Bildirim süresinin 15 gün gibi kısa bir zamana gelip dayanmasında Vatandaşı fazla hareketlendiremedi.
Vatandaşın niçin bu kadar kaygısız olduğu konusunda yaptığımız araştırmalarda ilginç nedenler ortaya çıktı. Bu nedenler genellikle üç kısımda toplanıyor:
12 Eylül’den önce hisseli arsalar üzerine yapılan inşaatlara belediyenin imar durumu belgesi vermiş olması, vatandaş bunu geçerli bir ruhsat sanarak inşaatına bir şey olmayacağı kanısı içinde bildirimde bulunmayı gerekli görmüyor. Bu durumda olanların sayısı 50.000 civarında.
Kaçak inşaat sahiplerinin çoğu bildirim beyannamesi doldurmadığından arzuhalcilere doldurtmak zorunda kalıyor. Bir beyannamenin de 300 TL 1500 TL arasında doldurtulduğu belirtiliyor. Buda vatandaş için büyük bir külfet oluyor. Sonra her arzuhalcinin doldurduğu da tam doğru olmuyor. Vatandaş belediye ile arzuhalci arasında gidip geliyor, boş yere zaman harcıyor.

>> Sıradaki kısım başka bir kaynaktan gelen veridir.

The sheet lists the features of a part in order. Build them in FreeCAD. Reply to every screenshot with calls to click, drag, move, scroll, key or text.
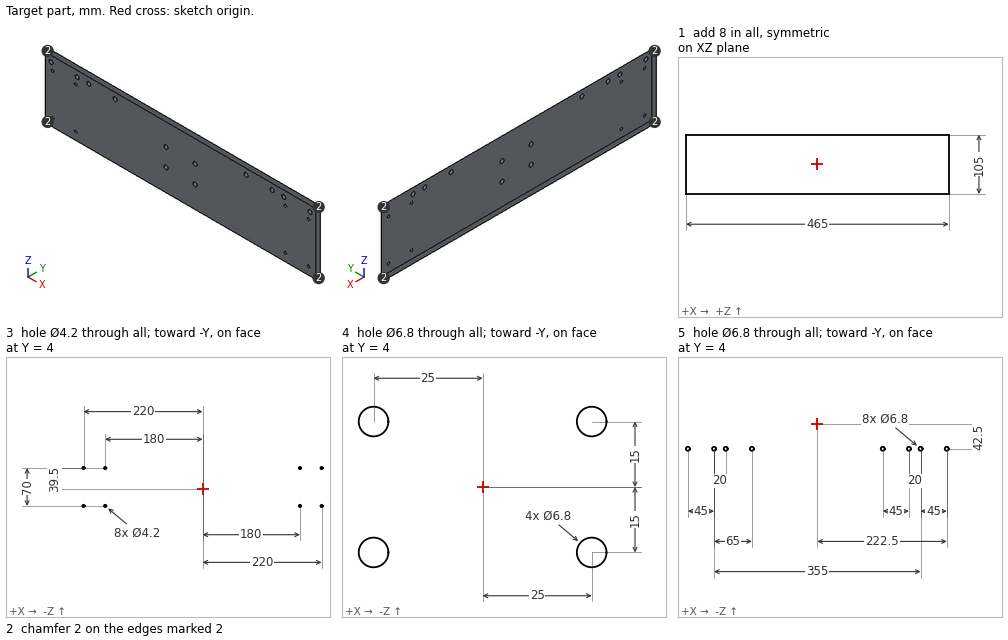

Vatandaş, bildirimde bulunursa büyük cezalar geleceğinden korkuyor. İlgililer ise bu korkunun yanlış olduğunu söylüyorlar ve 100 metre² bir yer için en büyük cezanın 20-30.000 TL olabileceğini belirtiyorlar. Bu ceza da taksitle beş yılda ödenebilecek.
İleriden beri konu üzerinde önemle duran gazetemizin araştırmaları sonucu saptadığı bu üç neden üzerine ilgililer eğilirse sanırız daha iyi sonuçlar alınır.